🤖 AI Summary
Existing spectral token mixers lack a consistency constraint across frequency channels, hindering effective integration of global spectral information. To address this limitation, this work proposes CHASM, a method that introduces structured inductive bias by sharing learnable channel feature bases across all frequencies to enforce global consistency, while preserving frequency-specific positive gains to accommodate local spectral variations. The operator is applied separably along the spatial axis for computational efficiency. By integrating with the Fourier transform, CHASM enables highly effective spectral mixing and consistently outperforms existing spectral mixing baselines—using the same backbone architecture—across diverse tasks including accelerated MRI reconstruction, undersampled MRI segmentation, and natural image restoration.
📝 Abstract
Spectral token mixers based on Fourier transforms provide an efficient way to model global interactions in visual feature maps.
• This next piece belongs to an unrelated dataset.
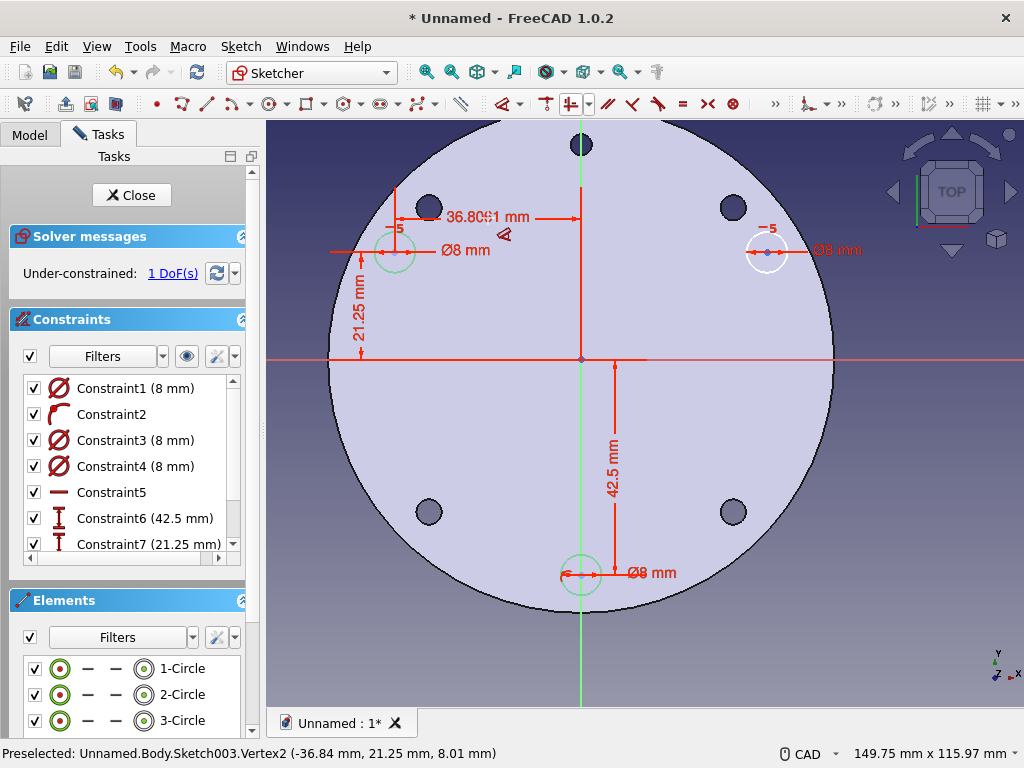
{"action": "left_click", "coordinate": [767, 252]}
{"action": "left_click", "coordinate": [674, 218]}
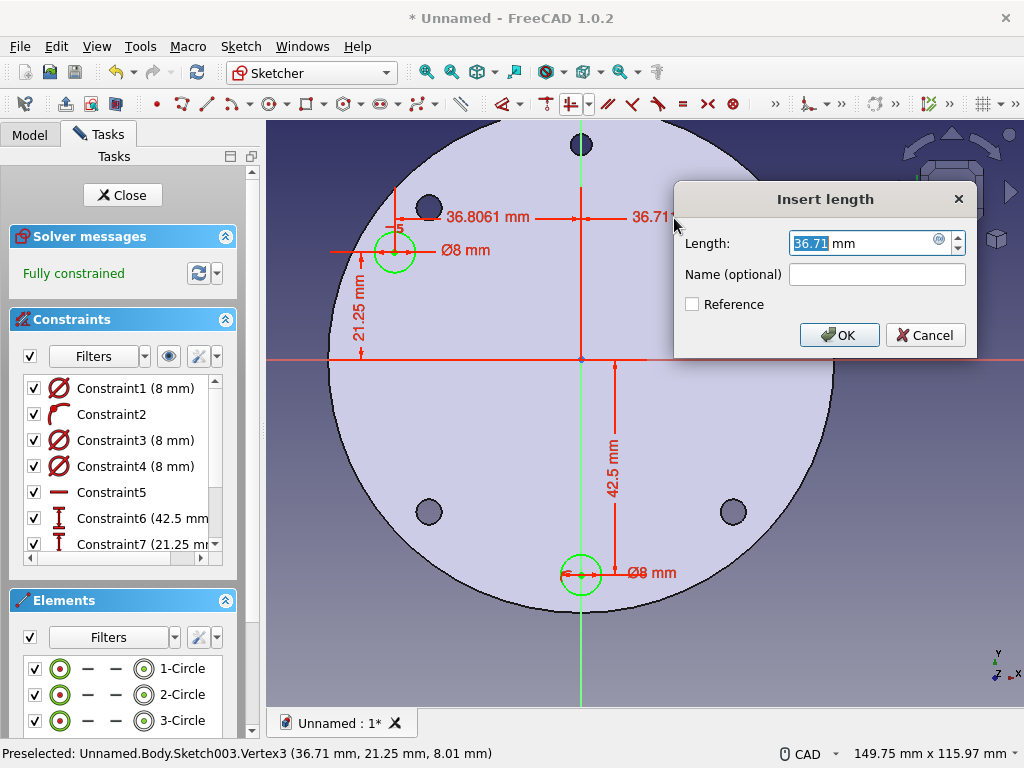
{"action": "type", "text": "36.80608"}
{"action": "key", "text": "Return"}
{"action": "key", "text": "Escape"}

Existing designs often either apply filter-wise spectral responses along fixed channel axes, or learn adaptive frequency-indexed channel mixing without explicitly aligning the channel directions used across frequencies. We propose CHASM, a Cross-frequency Harmonized Axis-Separable Mixer, as a structured middle ground. CHASM separates what should be shared from what should remain frequency-specific: all frequencies share a learned channel eigenbasis, while each frequency retains its own positive spectral gains. The shared basis makes channel directions comparable across the spectrum, whereas the positive gains preserve local spectral adaptivity. CHASM applies this structured operator separably along the height and width axes and is used as a drop-in replacement mixer inside existing backbones. We provide a structural characterization of the shared-basis operator family and evaluate CHASM through controlled same-backbone comparisons. Across accelerated MRI reconstruction, undersampled MRI segmentation, and natural-image reconstruction, CHASM consistently improves over same-backbone spectral-mixer baselines. Ablations show that removing the shared-basis constraint weakens performance, and randomizing coherent sampling geometry substantially reduces the gain, supporting cross-frequency harmonization as a useful inductive bias for spectral token operators.